Право на жизнь (Делль) - страница 48

У Маши коротко, под мальчишку, стрижены волосы. Востроносая, черноглазая, шустрая. Исполняя частушки или песни, она торопилась, сбивалась с ритма, не смущалась таким оборотом, ухватывала ритм, продолжала петь. Она и говорила торопясь, проглатывая букву. «Ой, как п’ишли они к нам, — рассказывала Маша о немцах, — ка-ак побе’ут по избам, как зак’ичат не по-нашему. Кто не ’отел бежать, тех били, уби’али даже, вот. Мамка меня за ’уку взяла, Костьку, б’атика, на ’уки подхватила, мы ка-ак побежим…» Маша рассказывала о том, как собрали немцы женщин, детей, погнали впереди себя к лесу, «из которого стреляли». Раненые знали ее историю от воспитательницы детского дома. О том, как немцы, прикрываясь женщинами и детьми оккупированной деревни, пошли в атаку на выходящих из окружения наших бойцов, а когда бойцы отрезали гитлеровцев, фашистские выродки стали стрелять в мирных жителей. В том бою погибла Машина мама, ее братик Костя.

Света младшая из троих. Ей не было восьми лет. Волосы цвета льняной кудели заплетены в косички.
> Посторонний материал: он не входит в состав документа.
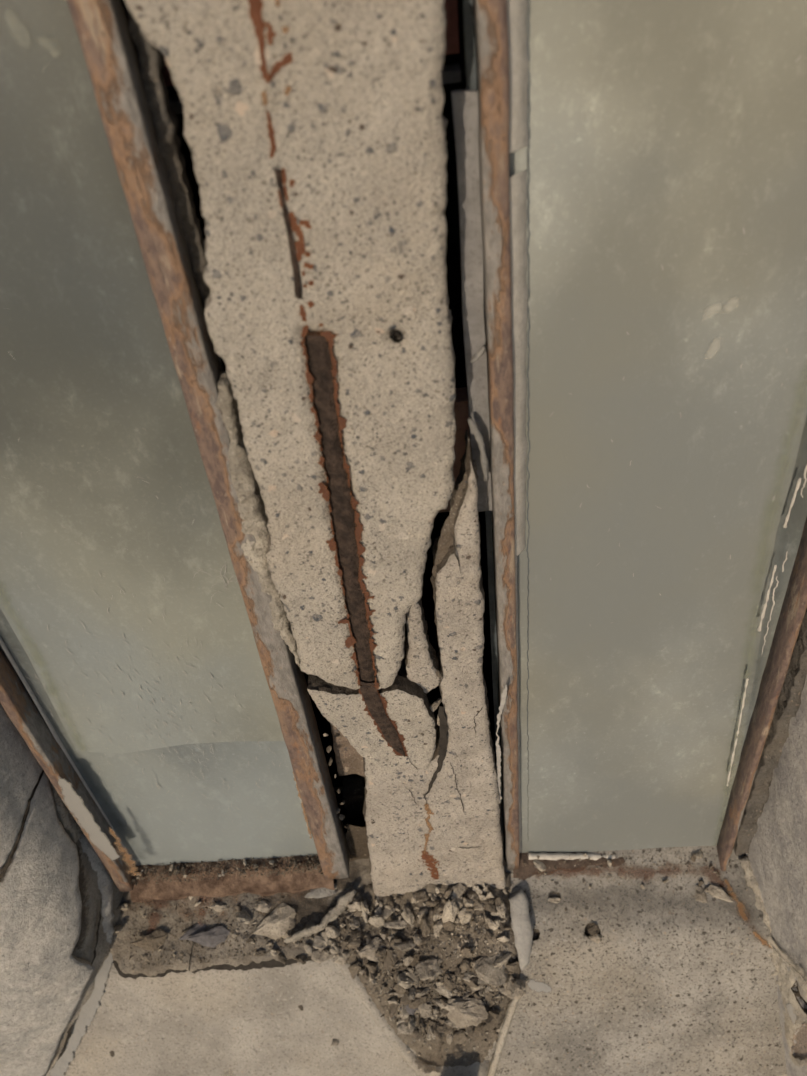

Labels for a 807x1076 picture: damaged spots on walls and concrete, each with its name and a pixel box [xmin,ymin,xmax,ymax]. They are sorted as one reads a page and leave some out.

rust [248,0,293,158]
rust [278,168,314,288]
rust [299,301,408,756]
crack [405,706,483,814]
crack [0,770,44,882]
rust [419,803,440,880]
peeling [178,922,230,948]
spalling [313,872,540,1076]

Носик вздернут. На переносье проглядывают едва заметные веснушки. Синеглазая. Если Маша-торопыга начинала петь, не дождавшись Сашиной команды, Света подобной вольности себе не позволяла. Девочка дисциплинированная, чуткая. Поет — слышит всю палату, чувствует, что у нее за спиной. Застонет раненый, заметит, с какой койки донесся стон. Кончит петь — подойдет. Дотронется крохотными пальчиками до повязки, спросит: «Вам больно, дядя?» У кого повернется язык сказать «да», кто признается перед такой капелюхой. Не признавались. Говорили, что повернулся неловко или еще что-нибудь. Света не верила. Говорила: «Больно, я знаю». Расстегивала пуговички старенького платьица, обнажала плечико, показывала его раненому. Плечо у нее было прострелено. Сквозное ранение было пулевым, рана свежей.
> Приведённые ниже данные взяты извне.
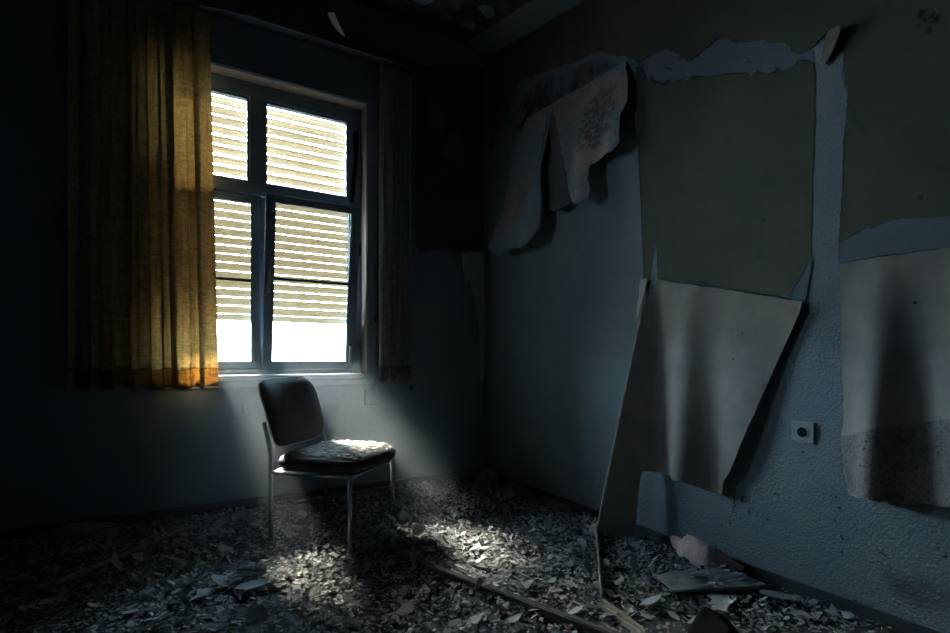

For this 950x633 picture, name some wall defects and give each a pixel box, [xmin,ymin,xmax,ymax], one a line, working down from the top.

flaking render [637,37,814,85]
peeling [488,109,572,255]
flaking render [838,217,950,264]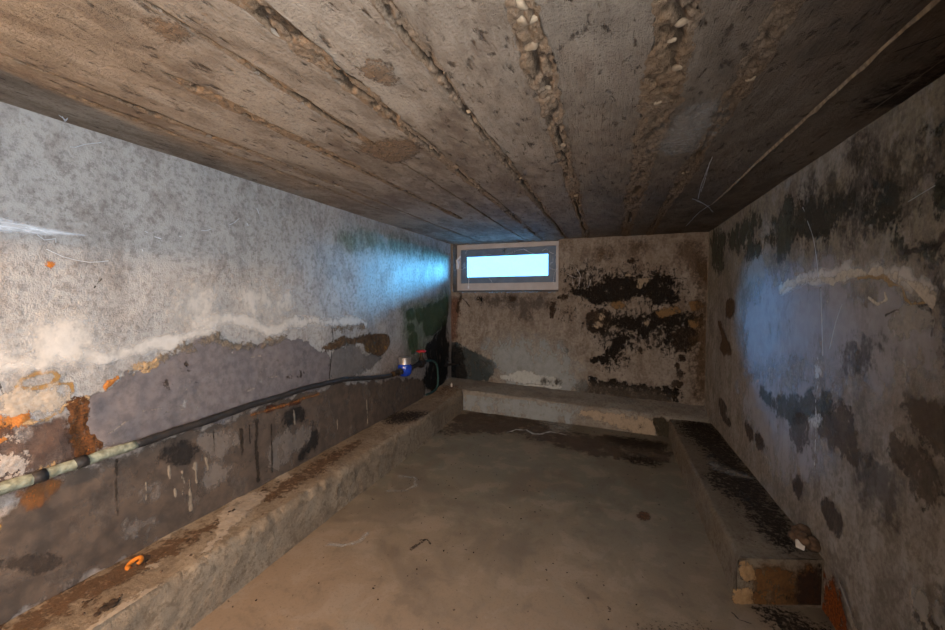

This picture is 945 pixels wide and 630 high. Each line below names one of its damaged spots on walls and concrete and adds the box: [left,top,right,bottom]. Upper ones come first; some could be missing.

water stain [858,55,945,113]
flaking render [103,330,287,391]
flaking render [322,323,390,357]
water stain [0,137,945,630]
flaking render [0,382,103,458]

Света, как и Маша, из Калининской области. С оккупированной земли их вывезли одним самолетом. Свету спасли партизаны. Они налетели на карателей в тот самый момент, когда палачи расстреливали жителей деревни. Мама у Светы погибла, но девочка не верила в ее смерть, старалась убедить в этом каждого, с кем ей приходилось разговаривать. Беседовать с ней можно было о делах сугубо мирных. О школе, например, о подружках, но это обстоятельство ничего не значило, она обязательно сворачивала разговор на свою сторону, рассказывала о том, как приехало в их деревню много-много машин, как «дядьки-немцы» ходили по домам, выгоняли жителей на улицу, «мамка плакала, и все люди плакали», как хотела она «кошку в доме не оставить», но мама не разрешила, схватила ее за руку, они пошли к стене, «где амбар деревянный». Кругом горело. «И дома, и деревья, и даже кустики. Дядьки-немцы стрелять стали. Мамка упала, тетя Дуся упала, тетя Клава упала, — рассказывала девочка, — а мы с Настеной стоим и стоим. Меня ка-ак ударит, я ка-ак упаду, глазки мои закрылись. Открылись, когда дядя-доктрр меня лечил». Девочка была уверена, что мамы их упали нарочно. Ее мама, тетя Дуся, мама Настены. Чтобы в них пули не попали. Ее, Свету, ранило, Настену ранило, «только насовсем, и она умерла», потому что не догадались они упасть раньше, как это сделали их мамы и тетя Дуся. Теперь ее мама, девочка знает об этом очень хорошо, ушла к папе, чтобы вместе с ним убивать Гитлера. Скоро они его убьют и приедут за ней.